Jeeven, Frank and Kirsten do not fall to the flu. They stay safe and relatively well-fed in the apartment despite freezing temperatures. However, their haven doesn’t last forever and eventually, the author exploits this trope; the survivors must leave their haven and brave the outside world.

Matilda Lawler plays the Young Kirsten

In this next section of the story, Kirsten finds her way to a shakespearean acting troupe. They become her new family. The drama troupe travels around Lake Michigan in the warmer months, performing among other plays, Hamlet. This is one of the surprising twists in the post-pandemic dystopia, to put forward the idea that the arts will continue and be celebrated by many despite how raw life has become for survivors. You will have to watch to find out what happens to Jeeven and Frank. The two brothers are wonderful characters…memorable and complicated.
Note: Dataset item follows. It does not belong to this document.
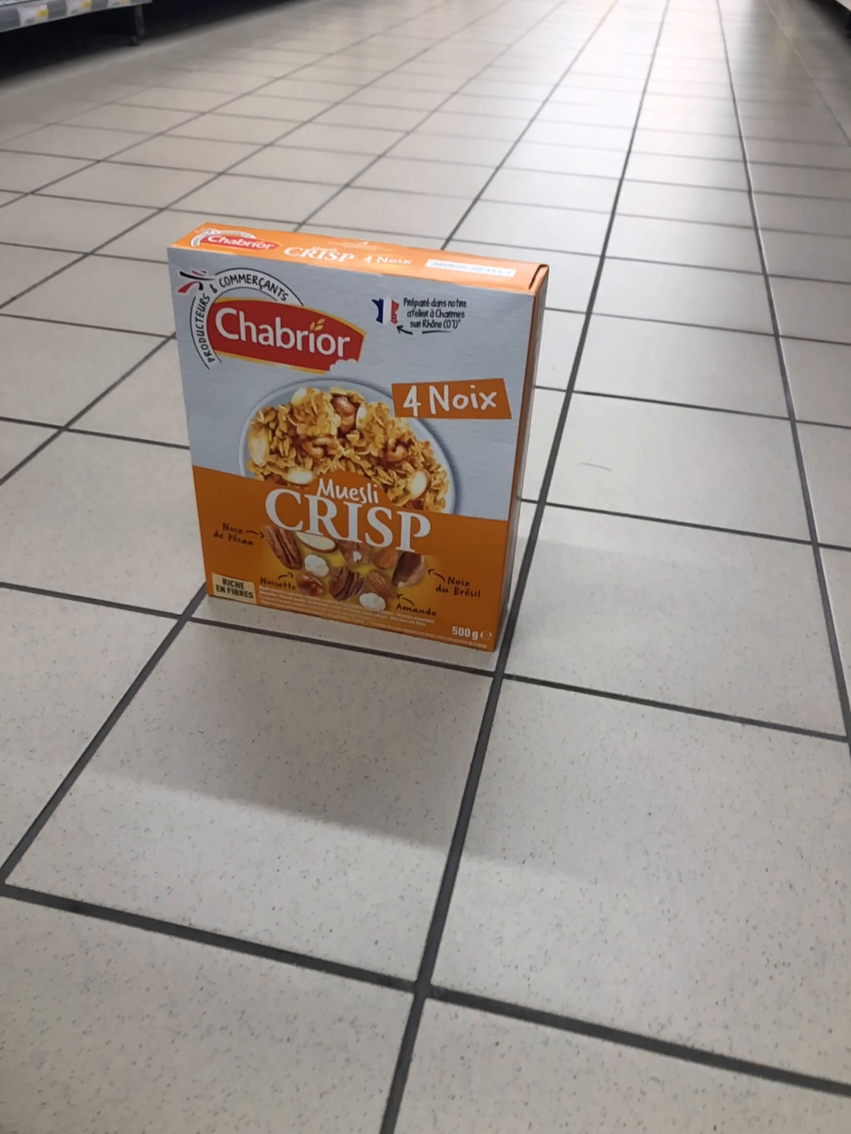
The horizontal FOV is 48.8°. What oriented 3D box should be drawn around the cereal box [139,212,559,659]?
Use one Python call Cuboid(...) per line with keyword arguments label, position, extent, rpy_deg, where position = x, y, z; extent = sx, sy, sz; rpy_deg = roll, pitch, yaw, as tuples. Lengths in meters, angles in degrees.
Cuboid(label="cereal box", position=(-0.041, -0.070, 0.531), extent=(0.200, 0.219, 0.060), rpy_deg=(10, 36, 11))
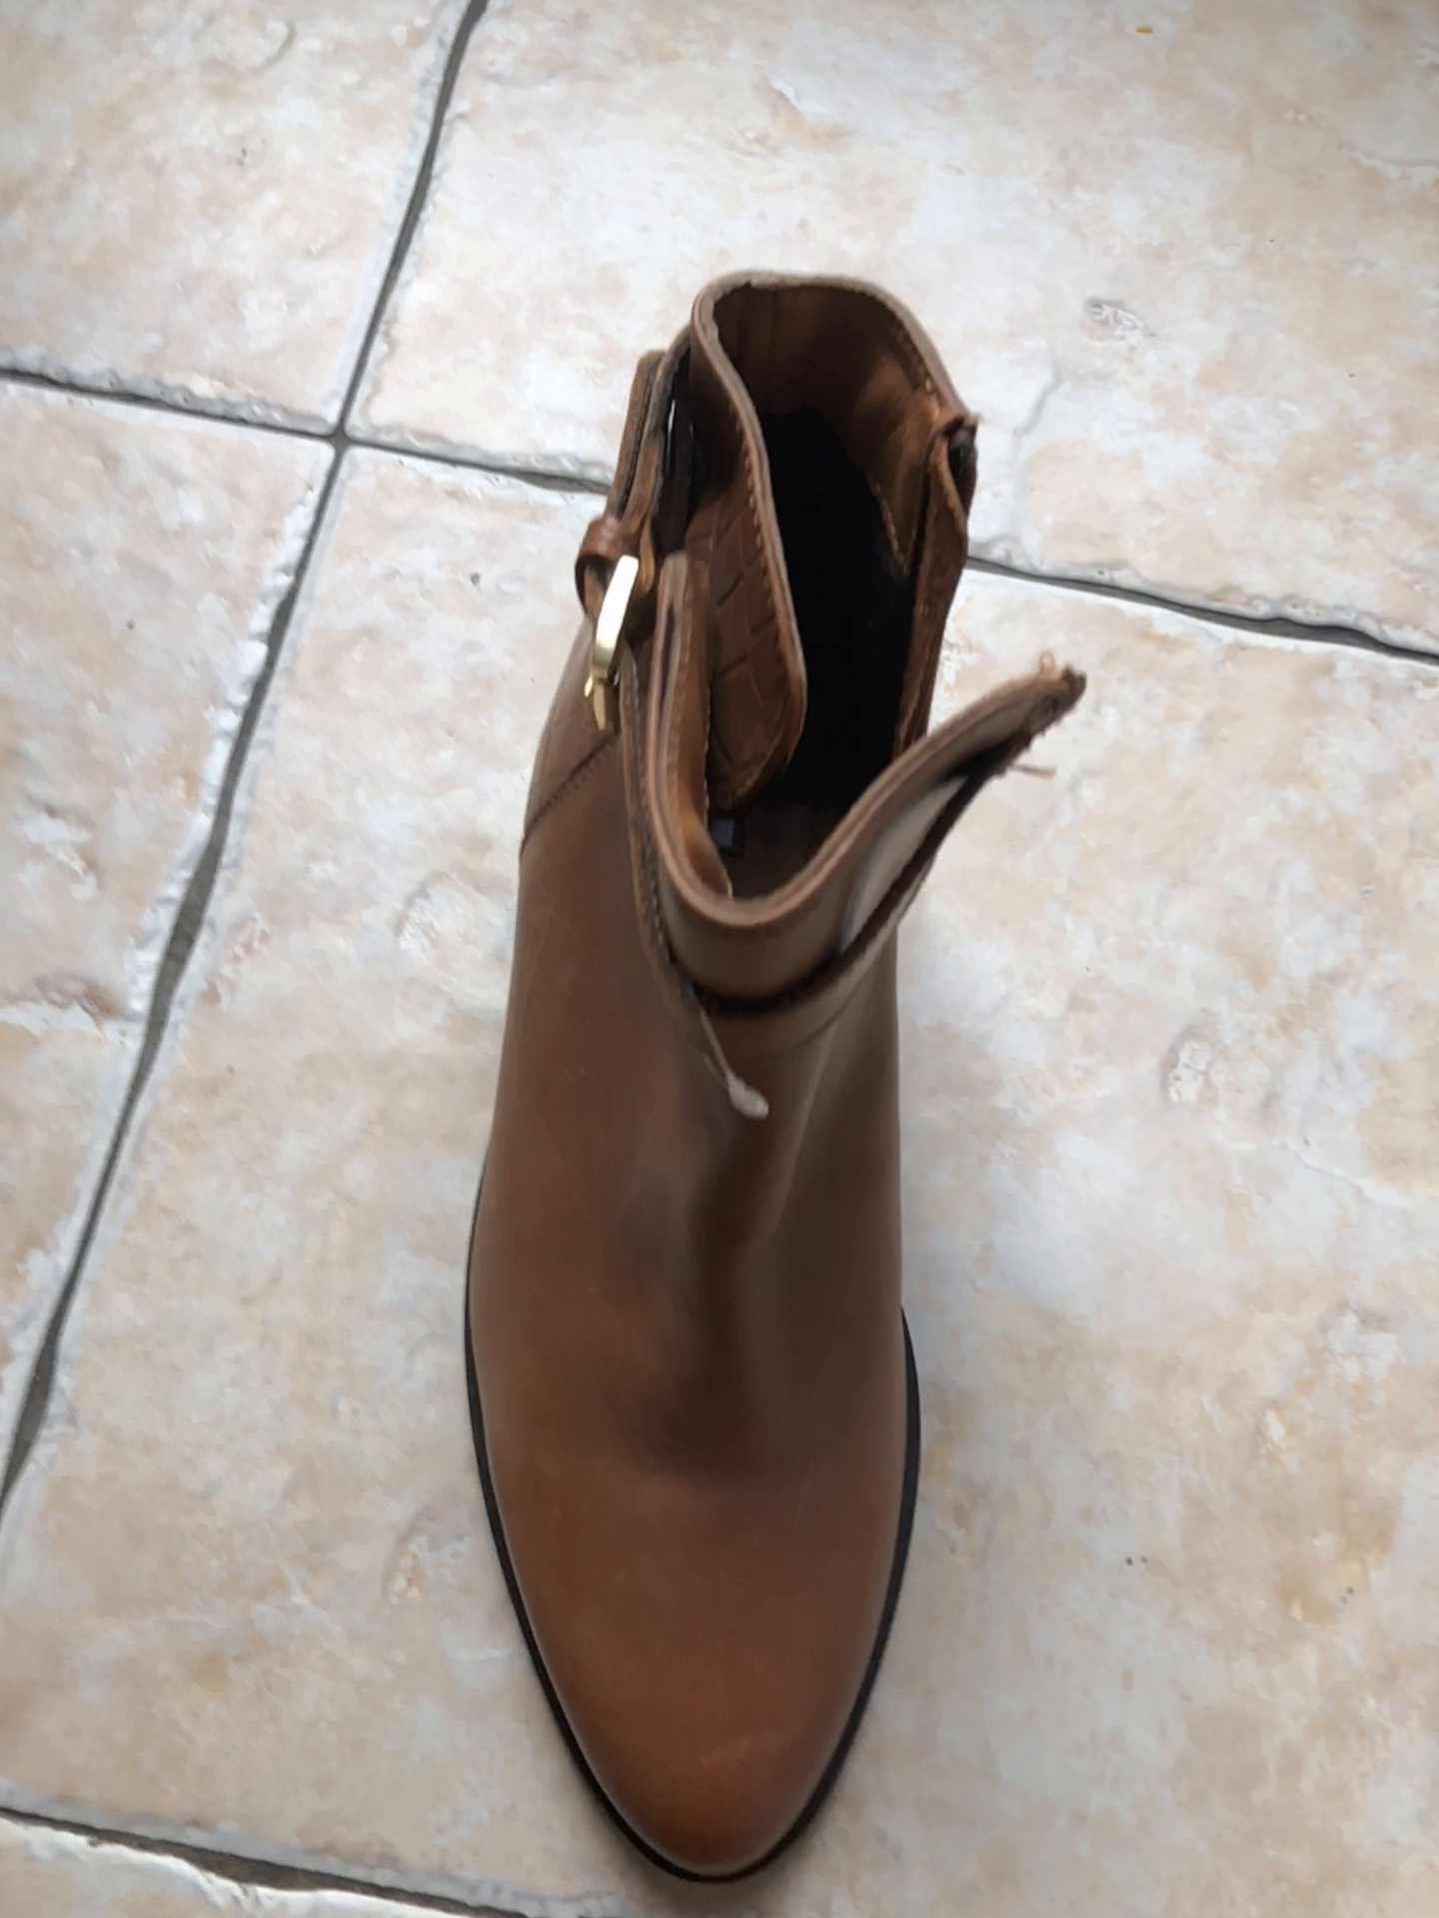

There is another storyline that enters the series at this point, still somewhat connected relationally and geographically. It’s a surprise, but not an unwelcome one and adds to much of the backstory. Still, the audience does not know how this new storyline will connect to Kirsten’s. It does and it did not disappoint me.

What is woven through STATION ELEVEN is how the connective tissue of our friendships and relationships emerge even in a time of trauma and loss. The storyteller takes us to a place that might seem contrived, yet captures a potential truth, reminding the audience that connections matter and that the truths underlying relationships, like those put on the stage by William Shakespeare, are universal and relevant (especially relevant) to the human experience post pandemic.